W koncówce pierwszej kwarty, dzięki celnym rzutom Rafała Niesobskiego i Jakuba Czecha Sudety zmniejszyły dystans do rywala na jeden punkt 16:17. W drugiej odsłonie przyjezdni za sprawą celnych rzutów Niesobskiego, Artura Czekańskiego i celnej trójce Alana Urbaniaka wyszli na prowadzenie 23:20. Później było jeszcze lepiej, przewaga wzrosła do pięciu punktów, ale w drużynie Znicza przebudził się Dominik Czubek.
W krótkim czasie zdobył on 10. punktów, trzykrotnie trafiając zza linii 6,25. Jeleniogórzanie grali do końca i dzięki celnemu trafieniu Czecha schodzili na przerwę remisując 39:39.
Niestety, później nie było już tak dobrze. I choć świetnie rozpoczęliśmy, bo po rzutach Rafała Niesobskiego było 49:50, to później jeleniogórzanie dosłownie „stanęli”. W końcówce znów dobrze spisywał się Dominik Czubek i to głównie po jego rzutach Znicz prowadził 61:54.

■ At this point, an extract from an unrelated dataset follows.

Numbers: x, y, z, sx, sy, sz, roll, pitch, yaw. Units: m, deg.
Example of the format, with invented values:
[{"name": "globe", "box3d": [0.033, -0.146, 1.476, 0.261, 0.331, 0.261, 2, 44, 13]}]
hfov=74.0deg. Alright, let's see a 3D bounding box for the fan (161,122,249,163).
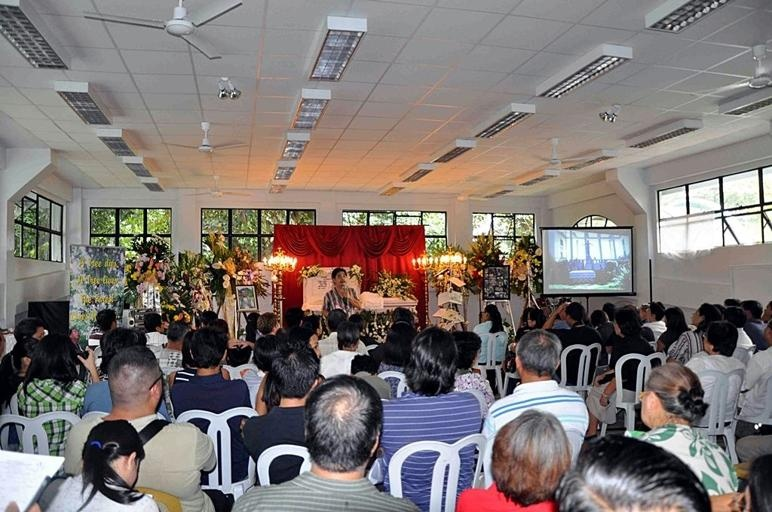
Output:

W ostatniej kwarcie Sudety nie mogły zdobyć punktów, a po drugiej stronie szalał wspomniany Czubek i Malewski, którzy pieczętowali dobrą grę swojego zespołu. Rozmiary porażki zmniejszyli jeszcze Marcin Zarzeczny i Rafał Niesobski, ale na więcej nie wystarczyło sił i czasu.
Znicz Pruszków - Sudety Jelenia Góra 74:62 (17:16, 22:23, 22:15, 13:8)
Sudety - Niesobski 22, Czech 16, Czekański 11, Urbaniak 7,Minciel 3, Zarzeczny 3, Klimek.
Komentarze (1)
Szkoda, szkoda, szkoda :(
Ale brawo za pierwszą połowę! Czubek może i nas wykończył, ale Sudety na pewno pokazały charakter w Pruszkowie:]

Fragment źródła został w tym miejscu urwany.